Assessment of the use of cryopreserved x freeze-dried amniotic membrane (AM) for reconstruction of ocular surface in rabbit model / Avaliação do uso da membrana amniótica (MA) criopreservada x liofilizada na reconstrução da superfície ocular em coelhos

PURPOSE: To determine the efficacy of freeze-dried amniotic membrane (AM) for reconstruction of the ocular surface in rabbit eyes. METHODS: The sterilized, freeze-dried amniotic membrane (lyophilized or FD-AM) is a preservative method that uses the drying by freezing process to maintain the AM well preserved for a long time even at room temperature. This paper is an experimental animal interventional study. One eye of each of 15 male New Zealand rabbits (1.5 - 3.0 kg) had the central cornea marked with a 6.0 mm trephine. The marked area was deepithelialized with a No.15 blade. The denuded corneal surface was covered as follows: Group 1: cryopreserved AM (n=6); Group 2: freeze-dried AM (n=6); and Group 3: not covered (control group, n=3). The AM in group 1 and 2 and the periphery of the denuded area in group 3 were secured with continuous 10-0 nylon sutures. The clinical evaluation was made by a blinded observer and graded on a four-point scale (1= minimal, 4= marked) for conjunctival and ciliary hyperemia, eyelid edema, corneal neovascularization, corneal opacity and reepithelialization on postoperative (PO) days 1, 7 and 30 . After PO day 30, the rabbits were euthanized and their corneas were sent for histopathological and ultrastructural analysis to evaluate tissue inflammation, reepithelialization, and basement membrane integrity. RESULTS: Two eyes in group 2 had a corneal infection and were excluded from the analysis. No statistically significant differences among the three groups were found (p>0.05) regarding the clinical evaluation on 1st, 7th and 30th PO days. On transmission electron microscopy, the basement membrane in lyophilized and control groups was more continuous and homogeneous than in the glycerol group. CONCLUSIONS: The freeze-drying method seems to be a good option to preserve human amniotic membrane to be used in ocular surface reconstruction. This preservative method reduces the preservation costs and may enhance...

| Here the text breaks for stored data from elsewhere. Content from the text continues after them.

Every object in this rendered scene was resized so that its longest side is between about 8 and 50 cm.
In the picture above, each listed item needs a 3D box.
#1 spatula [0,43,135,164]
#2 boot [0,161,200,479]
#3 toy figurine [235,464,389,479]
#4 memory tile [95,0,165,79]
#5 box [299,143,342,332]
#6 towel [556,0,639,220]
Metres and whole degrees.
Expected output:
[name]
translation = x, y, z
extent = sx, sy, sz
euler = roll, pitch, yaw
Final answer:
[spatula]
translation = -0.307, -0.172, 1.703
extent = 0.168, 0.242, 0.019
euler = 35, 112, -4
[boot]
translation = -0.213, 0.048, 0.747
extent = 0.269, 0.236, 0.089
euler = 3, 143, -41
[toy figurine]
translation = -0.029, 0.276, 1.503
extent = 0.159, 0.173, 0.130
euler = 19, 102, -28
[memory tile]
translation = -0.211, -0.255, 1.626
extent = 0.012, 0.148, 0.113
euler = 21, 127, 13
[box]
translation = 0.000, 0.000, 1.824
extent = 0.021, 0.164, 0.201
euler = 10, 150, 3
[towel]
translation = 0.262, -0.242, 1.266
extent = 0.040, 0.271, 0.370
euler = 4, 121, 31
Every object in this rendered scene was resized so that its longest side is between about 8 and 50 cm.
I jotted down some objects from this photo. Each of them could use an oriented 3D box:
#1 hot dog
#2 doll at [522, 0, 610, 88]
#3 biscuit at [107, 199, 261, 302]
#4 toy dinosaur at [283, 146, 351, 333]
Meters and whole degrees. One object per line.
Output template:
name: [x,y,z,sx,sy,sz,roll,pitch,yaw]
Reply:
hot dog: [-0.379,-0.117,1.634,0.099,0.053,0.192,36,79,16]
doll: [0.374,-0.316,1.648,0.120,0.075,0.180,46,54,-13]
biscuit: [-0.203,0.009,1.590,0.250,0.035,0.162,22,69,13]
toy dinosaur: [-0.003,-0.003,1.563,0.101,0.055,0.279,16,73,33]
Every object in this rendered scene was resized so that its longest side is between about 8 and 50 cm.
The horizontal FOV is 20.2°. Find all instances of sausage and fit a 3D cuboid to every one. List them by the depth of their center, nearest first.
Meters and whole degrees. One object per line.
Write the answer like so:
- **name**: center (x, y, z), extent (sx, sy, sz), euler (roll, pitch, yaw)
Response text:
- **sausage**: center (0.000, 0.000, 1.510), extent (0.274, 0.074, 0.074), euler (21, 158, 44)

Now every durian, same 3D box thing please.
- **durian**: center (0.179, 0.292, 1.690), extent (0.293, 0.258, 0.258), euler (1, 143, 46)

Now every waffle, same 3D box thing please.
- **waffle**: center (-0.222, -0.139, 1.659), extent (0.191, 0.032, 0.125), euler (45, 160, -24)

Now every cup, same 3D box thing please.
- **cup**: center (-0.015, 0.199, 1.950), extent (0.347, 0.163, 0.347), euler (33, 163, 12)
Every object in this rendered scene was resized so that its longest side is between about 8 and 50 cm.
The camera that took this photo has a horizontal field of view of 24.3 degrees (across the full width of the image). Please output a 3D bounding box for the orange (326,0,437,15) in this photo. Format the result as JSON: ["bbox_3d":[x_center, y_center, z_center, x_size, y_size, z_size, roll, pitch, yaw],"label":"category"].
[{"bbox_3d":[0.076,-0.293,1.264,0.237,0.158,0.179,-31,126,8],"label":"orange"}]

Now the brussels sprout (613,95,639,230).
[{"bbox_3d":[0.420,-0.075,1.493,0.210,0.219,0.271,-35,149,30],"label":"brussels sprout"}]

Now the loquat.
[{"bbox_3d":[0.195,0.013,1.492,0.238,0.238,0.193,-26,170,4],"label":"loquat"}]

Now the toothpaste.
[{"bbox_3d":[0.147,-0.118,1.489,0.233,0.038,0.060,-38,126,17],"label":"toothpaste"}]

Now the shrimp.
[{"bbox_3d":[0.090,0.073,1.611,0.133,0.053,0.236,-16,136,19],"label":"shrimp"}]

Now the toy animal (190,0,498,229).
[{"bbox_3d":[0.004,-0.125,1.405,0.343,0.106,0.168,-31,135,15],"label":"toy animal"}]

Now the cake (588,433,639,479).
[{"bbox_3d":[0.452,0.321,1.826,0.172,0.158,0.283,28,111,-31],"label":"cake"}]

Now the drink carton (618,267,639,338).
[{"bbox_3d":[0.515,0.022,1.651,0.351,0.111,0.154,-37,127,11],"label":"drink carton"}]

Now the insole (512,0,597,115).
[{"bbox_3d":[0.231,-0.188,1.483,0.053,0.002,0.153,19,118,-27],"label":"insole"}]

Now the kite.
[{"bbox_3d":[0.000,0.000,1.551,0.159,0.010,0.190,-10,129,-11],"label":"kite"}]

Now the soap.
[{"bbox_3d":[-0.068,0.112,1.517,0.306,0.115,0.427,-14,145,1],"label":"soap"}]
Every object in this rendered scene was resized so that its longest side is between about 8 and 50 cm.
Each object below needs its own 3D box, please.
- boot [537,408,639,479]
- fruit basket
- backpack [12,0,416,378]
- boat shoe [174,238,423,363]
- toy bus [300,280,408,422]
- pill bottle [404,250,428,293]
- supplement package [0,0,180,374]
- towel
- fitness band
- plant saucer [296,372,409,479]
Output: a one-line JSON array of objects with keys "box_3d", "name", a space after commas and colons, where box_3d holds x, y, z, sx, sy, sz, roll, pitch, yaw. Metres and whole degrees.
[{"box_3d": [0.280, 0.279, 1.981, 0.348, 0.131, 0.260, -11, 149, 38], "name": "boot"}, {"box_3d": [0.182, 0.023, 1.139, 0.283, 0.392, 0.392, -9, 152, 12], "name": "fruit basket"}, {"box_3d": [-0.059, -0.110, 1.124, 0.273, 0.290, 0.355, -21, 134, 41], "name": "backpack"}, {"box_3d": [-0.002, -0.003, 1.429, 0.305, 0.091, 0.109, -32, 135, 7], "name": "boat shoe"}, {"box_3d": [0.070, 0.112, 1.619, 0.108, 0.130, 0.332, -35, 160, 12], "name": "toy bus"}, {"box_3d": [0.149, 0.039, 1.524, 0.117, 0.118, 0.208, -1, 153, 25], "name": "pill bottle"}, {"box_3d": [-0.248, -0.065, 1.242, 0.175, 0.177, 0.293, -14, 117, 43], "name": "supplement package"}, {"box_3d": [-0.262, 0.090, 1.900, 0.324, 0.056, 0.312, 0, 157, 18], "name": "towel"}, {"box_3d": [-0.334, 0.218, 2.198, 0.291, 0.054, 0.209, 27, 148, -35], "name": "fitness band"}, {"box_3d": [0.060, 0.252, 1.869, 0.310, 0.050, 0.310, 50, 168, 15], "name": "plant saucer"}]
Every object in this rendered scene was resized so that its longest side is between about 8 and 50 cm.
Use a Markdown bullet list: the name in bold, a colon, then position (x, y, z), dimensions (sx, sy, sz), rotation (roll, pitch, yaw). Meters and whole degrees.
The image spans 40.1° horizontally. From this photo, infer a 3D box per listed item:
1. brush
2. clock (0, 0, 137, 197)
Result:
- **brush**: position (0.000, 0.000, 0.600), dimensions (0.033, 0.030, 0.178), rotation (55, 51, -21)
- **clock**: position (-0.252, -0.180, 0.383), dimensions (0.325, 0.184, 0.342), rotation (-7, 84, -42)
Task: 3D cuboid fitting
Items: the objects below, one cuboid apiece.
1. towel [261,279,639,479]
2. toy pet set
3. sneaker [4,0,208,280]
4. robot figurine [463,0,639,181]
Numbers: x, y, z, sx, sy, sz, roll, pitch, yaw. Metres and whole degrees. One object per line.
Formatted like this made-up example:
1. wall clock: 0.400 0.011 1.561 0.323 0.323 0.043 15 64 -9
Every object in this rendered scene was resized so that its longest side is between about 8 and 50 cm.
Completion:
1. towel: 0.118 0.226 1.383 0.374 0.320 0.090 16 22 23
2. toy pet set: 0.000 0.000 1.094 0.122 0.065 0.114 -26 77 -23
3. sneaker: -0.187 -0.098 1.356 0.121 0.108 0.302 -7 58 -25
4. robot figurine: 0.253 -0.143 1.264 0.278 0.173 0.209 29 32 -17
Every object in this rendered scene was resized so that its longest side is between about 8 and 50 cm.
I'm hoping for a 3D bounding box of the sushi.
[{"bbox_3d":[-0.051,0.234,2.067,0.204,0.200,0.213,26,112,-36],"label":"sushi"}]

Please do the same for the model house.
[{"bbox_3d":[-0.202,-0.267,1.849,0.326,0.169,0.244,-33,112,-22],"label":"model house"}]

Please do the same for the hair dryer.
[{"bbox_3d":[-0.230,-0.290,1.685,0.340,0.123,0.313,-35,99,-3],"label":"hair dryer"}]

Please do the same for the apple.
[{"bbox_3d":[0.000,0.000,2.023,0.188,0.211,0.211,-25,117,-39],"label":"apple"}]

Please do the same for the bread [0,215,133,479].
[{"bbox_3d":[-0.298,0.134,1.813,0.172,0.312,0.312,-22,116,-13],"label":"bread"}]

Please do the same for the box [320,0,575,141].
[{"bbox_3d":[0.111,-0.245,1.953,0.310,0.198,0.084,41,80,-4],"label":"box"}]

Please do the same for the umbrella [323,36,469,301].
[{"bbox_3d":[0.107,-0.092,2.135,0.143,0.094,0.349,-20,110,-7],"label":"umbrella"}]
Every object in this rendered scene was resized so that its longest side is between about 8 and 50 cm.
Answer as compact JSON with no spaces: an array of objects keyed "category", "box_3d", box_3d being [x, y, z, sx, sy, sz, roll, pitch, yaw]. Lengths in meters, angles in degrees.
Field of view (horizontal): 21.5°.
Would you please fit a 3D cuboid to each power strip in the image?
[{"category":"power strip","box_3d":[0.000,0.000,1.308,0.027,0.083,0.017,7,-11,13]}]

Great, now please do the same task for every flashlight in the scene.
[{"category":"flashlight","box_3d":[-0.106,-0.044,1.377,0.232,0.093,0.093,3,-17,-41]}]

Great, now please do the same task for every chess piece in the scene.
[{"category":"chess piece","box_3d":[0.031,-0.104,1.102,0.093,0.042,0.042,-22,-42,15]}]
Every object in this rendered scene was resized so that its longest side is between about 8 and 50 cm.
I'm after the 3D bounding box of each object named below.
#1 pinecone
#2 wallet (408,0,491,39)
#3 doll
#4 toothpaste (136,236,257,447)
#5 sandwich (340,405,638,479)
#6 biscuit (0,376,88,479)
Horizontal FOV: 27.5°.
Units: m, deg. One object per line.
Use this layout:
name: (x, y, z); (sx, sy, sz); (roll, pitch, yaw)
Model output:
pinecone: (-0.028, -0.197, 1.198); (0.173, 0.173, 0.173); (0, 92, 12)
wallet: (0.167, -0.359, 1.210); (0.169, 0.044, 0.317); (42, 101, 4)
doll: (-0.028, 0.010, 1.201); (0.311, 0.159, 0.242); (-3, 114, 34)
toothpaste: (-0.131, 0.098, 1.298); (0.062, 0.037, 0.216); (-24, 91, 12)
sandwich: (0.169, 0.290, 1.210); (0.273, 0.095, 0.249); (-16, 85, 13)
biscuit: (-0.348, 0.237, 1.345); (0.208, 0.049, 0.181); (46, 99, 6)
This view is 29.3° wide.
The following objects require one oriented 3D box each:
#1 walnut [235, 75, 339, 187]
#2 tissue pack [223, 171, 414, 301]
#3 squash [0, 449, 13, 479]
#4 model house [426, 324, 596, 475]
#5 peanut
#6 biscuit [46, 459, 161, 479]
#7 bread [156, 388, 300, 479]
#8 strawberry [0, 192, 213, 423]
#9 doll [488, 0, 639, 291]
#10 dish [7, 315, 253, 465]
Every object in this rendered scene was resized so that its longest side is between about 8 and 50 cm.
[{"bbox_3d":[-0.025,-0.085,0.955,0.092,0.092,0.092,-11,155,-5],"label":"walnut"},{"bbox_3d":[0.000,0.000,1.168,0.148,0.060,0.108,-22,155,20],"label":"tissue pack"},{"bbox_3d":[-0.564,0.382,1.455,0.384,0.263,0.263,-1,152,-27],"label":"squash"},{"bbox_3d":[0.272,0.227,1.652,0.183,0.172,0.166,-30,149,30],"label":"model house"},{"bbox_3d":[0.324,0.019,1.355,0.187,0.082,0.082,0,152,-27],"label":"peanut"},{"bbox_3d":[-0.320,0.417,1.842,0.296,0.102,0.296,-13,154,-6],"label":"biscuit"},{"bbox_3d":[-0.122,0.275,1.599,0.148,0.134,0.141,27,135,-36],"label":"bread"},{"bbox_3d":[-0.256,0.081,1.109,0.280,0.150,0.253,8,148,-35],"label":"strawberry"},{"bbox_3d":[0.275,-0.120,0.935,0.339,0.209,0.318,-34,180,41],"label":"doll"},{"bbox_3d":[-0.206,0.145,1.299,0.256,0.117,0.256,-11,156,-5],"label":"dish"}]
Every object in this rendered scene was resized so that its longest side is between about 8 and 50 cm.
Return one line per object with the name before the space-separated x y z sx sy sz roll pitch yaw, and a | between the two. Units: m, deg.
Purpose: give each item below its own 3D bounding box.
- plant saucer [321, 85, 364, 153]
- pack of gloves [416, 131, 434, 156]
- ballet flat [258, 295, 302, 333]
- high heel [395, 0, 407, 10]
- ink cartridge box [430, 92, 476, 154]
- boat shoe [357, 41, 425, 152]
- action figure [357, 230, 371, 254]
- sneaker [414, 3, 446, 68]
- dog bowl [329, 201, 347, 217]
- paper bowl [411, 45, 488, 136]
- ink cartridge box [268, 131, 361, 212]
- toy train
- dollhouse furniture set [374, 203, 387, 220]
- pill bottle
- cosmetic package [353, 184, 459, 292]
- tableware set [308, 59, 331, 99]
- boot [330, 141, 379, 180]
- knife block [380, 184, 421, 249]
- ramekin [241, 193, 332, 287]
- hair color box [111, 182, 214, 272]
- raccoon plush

OBJETIVO: Avaliar a eficácia da liofilização da membrana amniótica (MA) para a reconstrução da superfície ocular em coelhos. MÉTODOS: A liofilização é processo de preservação que mantém a MA estável durante longo tempo mesmo em temperatura ambiente. A córnea de um olho de cada coelho macho da raça Nova Zelândia foi marcada e desepitelizada. Essa área desepitelizada foi coberta com: Grupo 1: MA criopreservada (n=6); Grupo 2: MA liofilizada (n=6) e Grupo 3: Não coberta (n=3). A MA nos grupos 1 e 2 e a periferia da córnea no grupo 3 foram suturadas com nylon 10-0. A avaliação clínica foi realizada por um observador cego em relação à hiperemia, neovascularização e edema de córnea e reepitelização nos dia 1, 7 e 30 pós-operatórios. Após o dia 30 os ratos foram eutanizados e suas córneas enviadas para análise histopatológica e ultra-estrutural. RESULTADOS: Dois olhos no grupo 2 foram excluídos da análise devido à infecção. Não foi encontrada diferença estatisticamente significante entre os grupos em relação à avaliação clínica. Na microscopia eletrônica de transmissão, a membrana basal nos grupos de MA liofilizada e controle foi mais contínua e homogênea em relação ao grupo da MA criopreservada. CONCLUSÕES: O processo de liofilização parece ser boa opção para a preservação da membrana amniótica humana para utilização na reconstrução da superfície ocular.